----- Records -----

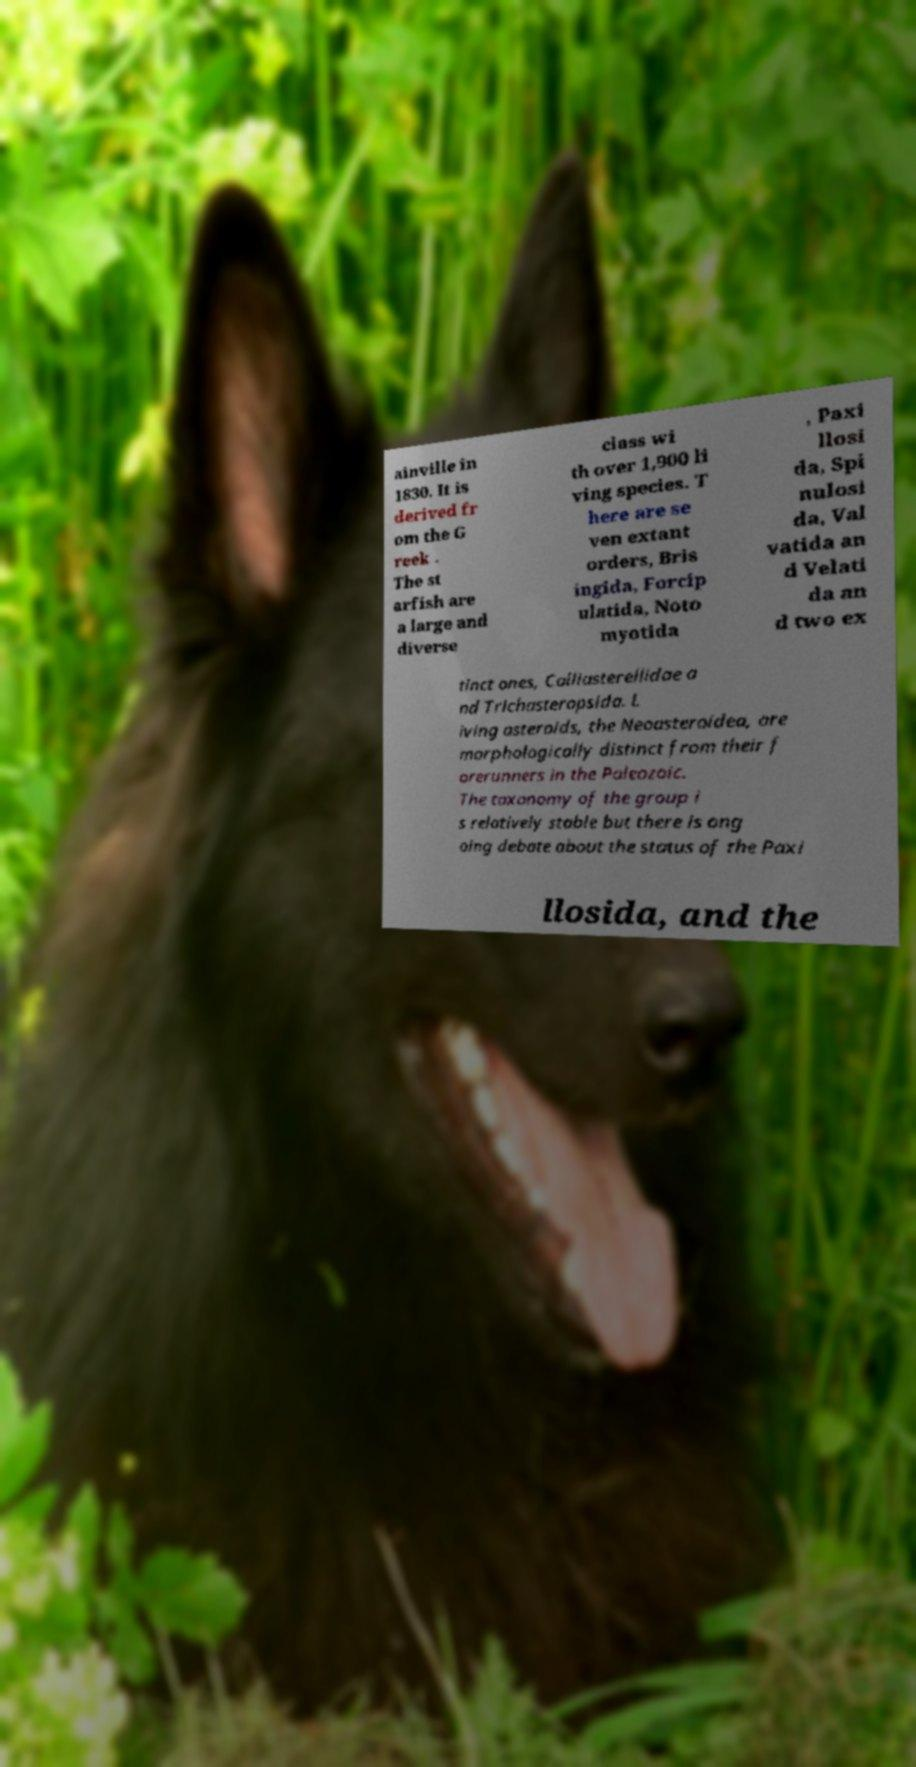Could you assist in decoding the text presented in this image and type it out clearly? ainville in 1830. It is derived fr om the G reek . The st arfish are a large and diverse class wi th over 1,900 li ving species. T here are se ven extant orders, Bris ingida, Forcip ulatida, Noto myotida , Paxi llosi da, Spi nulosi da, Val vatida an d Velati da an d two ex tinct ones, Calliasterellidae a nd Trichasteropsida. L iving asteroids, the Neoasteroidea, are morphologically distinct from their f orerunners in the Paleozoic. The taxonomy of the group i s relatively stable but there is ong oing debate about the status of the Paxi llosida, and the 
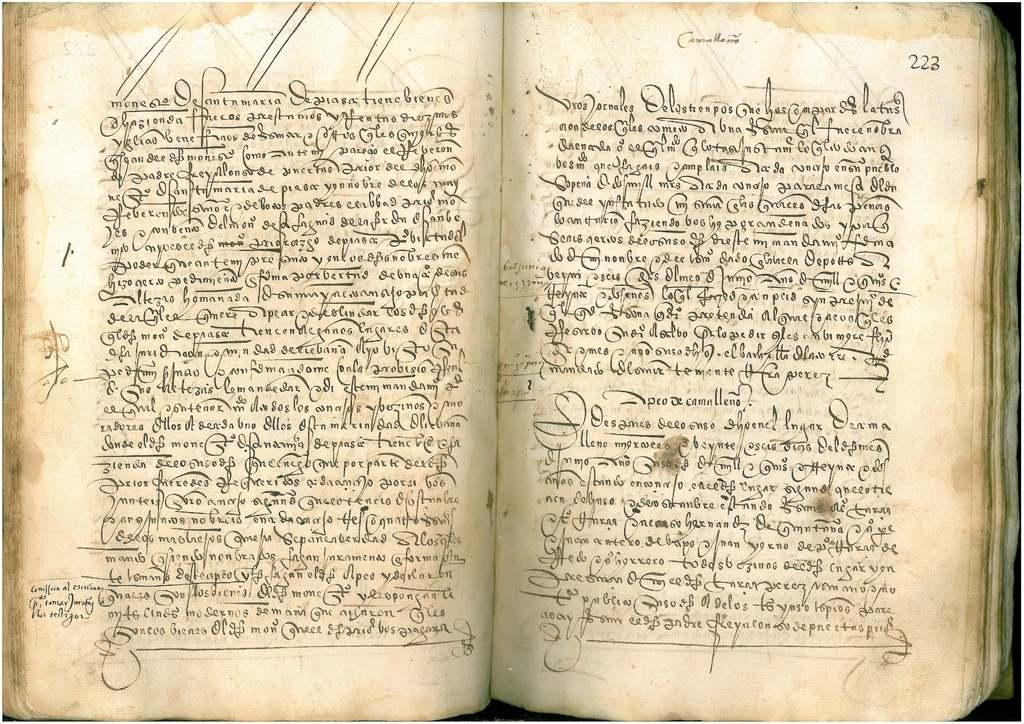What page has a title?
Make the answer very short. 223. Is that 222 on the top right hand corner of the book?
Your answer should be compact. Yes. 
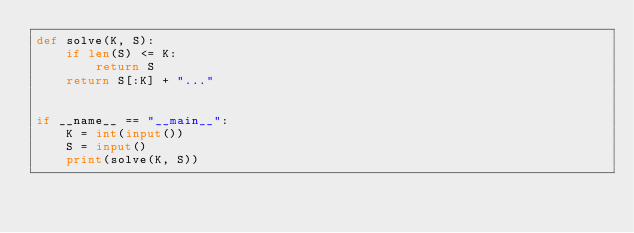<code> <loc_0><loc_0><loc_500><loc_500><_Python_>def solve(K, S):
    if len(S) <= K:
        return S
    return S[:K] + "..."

-----

> Work order:
Please transcribe all of the records above exactly, leaving out any pictures.

> Response to the exercise:
Could you assist in decoding the text presented in this image and type it out clearly? ainville in 1830. It is derived fr om the G reek . The st arfish are a large and diverse class wi th over 1,900 li ving species. T here are se ven extant orders, Bris ingida, Forcip ulatida, Noto myotida , Paxi llosi da, Spi nulosi da, Val vatida an d Velati da an d two ex tinct ones, Calliasterellidae a nd Trichasteropsida. L iving asteroids, the Neoasteroidea, are morphologically distinct from their f orerunners in the Paleozoic. The taxonomy of the group i s relatively stable but there is ong oing debate about the status of the Paxi llosida, and the 
What page has a title?
Make the answer very short. 223. Is that 222 on the top right hand corner of the book?
Your answer should be compact. Yes. 
<code> <loc_0><loc_0><loc_500><loc_500><_Python_>def solve(K, S):
    if len(S) <= K:
        return S
    return S[:K] + "..."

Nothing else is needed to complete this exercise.